Identifying Fraud Patterns and Financial Exclusion with Privacy-Preserving Synthetic Data
Young woman in a local market using her mobile phone | Photo Credit: Adobe Stock
Context
According to the GSM Association (GSMA), there are over 548 million registered mobile money accounts in sub-Saharan Africa (SSA), which has helped spur the growth of digital financial services in the region. In Uganda, the Central Bank reports that while only 43% of adults have a bank account, 77% have active mobile money accounts. Unfortunately, mobile money systems have also become a conduit for data breaches, identity theft, unauthorized sharing of personal identifying information (PII), and fraud, costing consumers hundreds of millions of dollars annually.
Researchers could use mobile money transactions data to study challenges such as fraud or patterns of financial exclusion, but privacy concerns, regulation, and business interests often limit access to such data, constraining progress. Synthetic datasets, generated by computers rather than real-world events, have the potential to fill this gap and contribute novel techniques to detect and reduce fraud and privacy-related risks. Currently, most existing publicly available synthetic datasets are for general financial and bank transactions and are not based on the unique properties of mobile money transactions in SSA, limiting their usefulness.
Because of this, researchers are now aiming to (1) investigate and develop privacy-preserving synthetic data generation techniques for mobile money transactions; (2) develop and demonstrate the utility of privacy-preserving synthetic datasets in the detection of fraud patterns; and (3) study the utility of privacy-preserving synthetic datasets in characterizing financial inclusion and exclusion.
Study Design
This project builds on recent work from the research team investigating synthetic dataset generation for mobile money transactions.

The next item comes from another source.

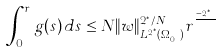<formula> <loc_0><loc_0><loc_500><loc_500>\int _ { 0 } ^ { r } g ( s ) \, d s \leq N \| w \| _ { L ^ { 2 ^ { * } } ( \Omega _ { r _ { 0 } } ) } ^ { 2 ^ { * } / N } r ^ { \frac { q - 2 ^ { * } } { q } }</formula> 
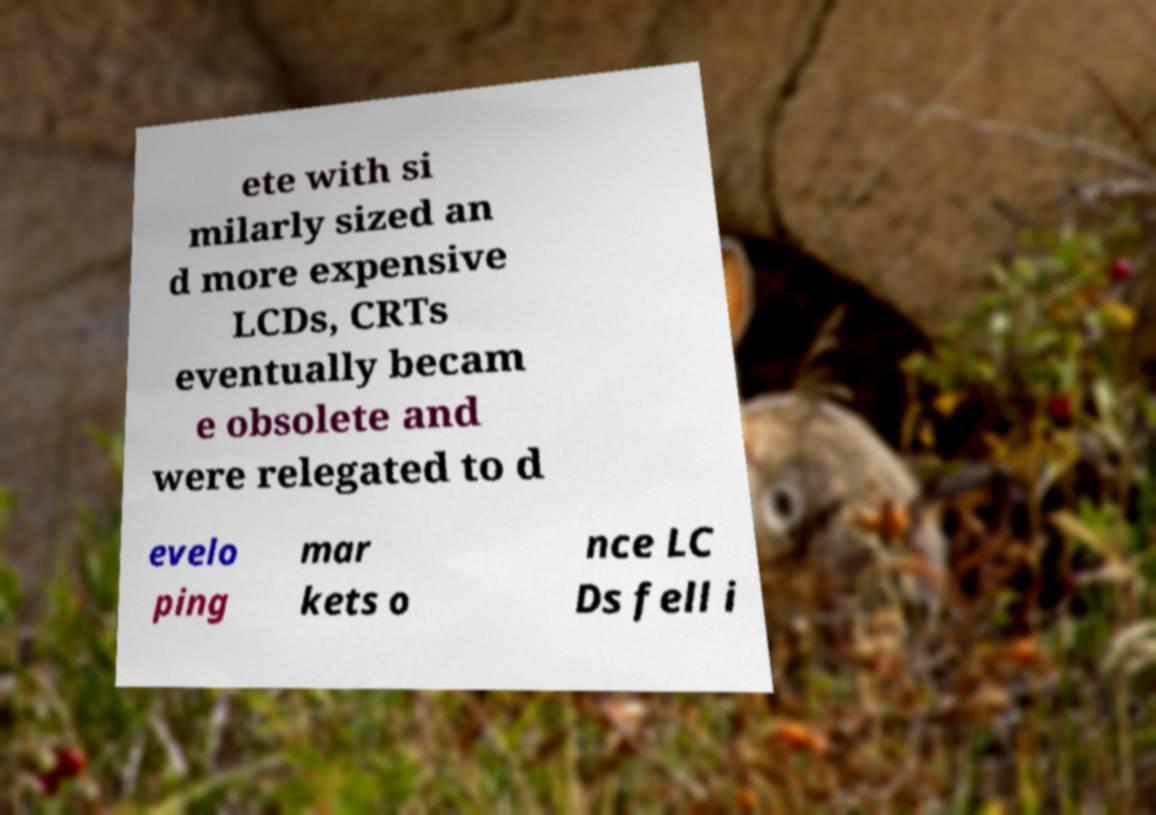Can you accurately transcribe the text from the provided image for me? ete with si milarly sized an d more expensive LCDs, CRTs eventually becam e obsolete and were relegated to d evelo ping mar kets o nce LC Ds fell i

They will extend that work by integrating privacy-preserving technologies into synthetic data generation methods, which can then be analyzed for patterns of fraud and/or exclusion.
To ensure insights from synthetic data can translate to real-world datasets, the synthetic data should have similar statistical properties – for example, the distribution of transaction volumes or sizes – as a real sample dataset obtained from an implementing partner organization. Researchers will use a model incorporating a primary agent and clients who can deposit, withdraw, and pay for goods and services or transfer money to other clients. Other entities such as merchants, banks, and fraudulent agents are designed to carry transactions in their capacities as observed from the real mobile money ecosystem. Using existing methods and additional data from the implementing partner, the research team will then analyze synthetic datasets from the platform for patterns of financial exclusion and fraud.
Results & Policy Lessons
Exploring the development and application of privacy-preserving synthetic datasets in Sub-Saharan Africa highlighted that fraudulent activities—like split deposits, refund fraud, and PIN fraud, are prevalent and were effectively simulated in the mobile money transaction simulator (MoMTSim). The synthetic datasets produced proved to closely resemble real transaction data, enabling the identification of fraud patterns and improving detection techniques.
The study also demonstrated machine learning models like XGBoost and Decision Trees to show resilience to data degradation caused by privacy measures. The datasets used were useful in analyzing patterns of financial exclusion, offering insights into regional transaction activity and fraud hotspots.
By creating large-scale synthetic datasets and developing tools for financial analytics, this research has significant implications for enhancing data privacy while enabling the study of mobile money systems. This approach could significantly increase access to financial data for a myriad of independent modeling efforts that can collectively advance our cumulative knowledge about digital financial services. This scalable simulation platform positions this study as a foundation for future advancements in secure and inclusive financial services.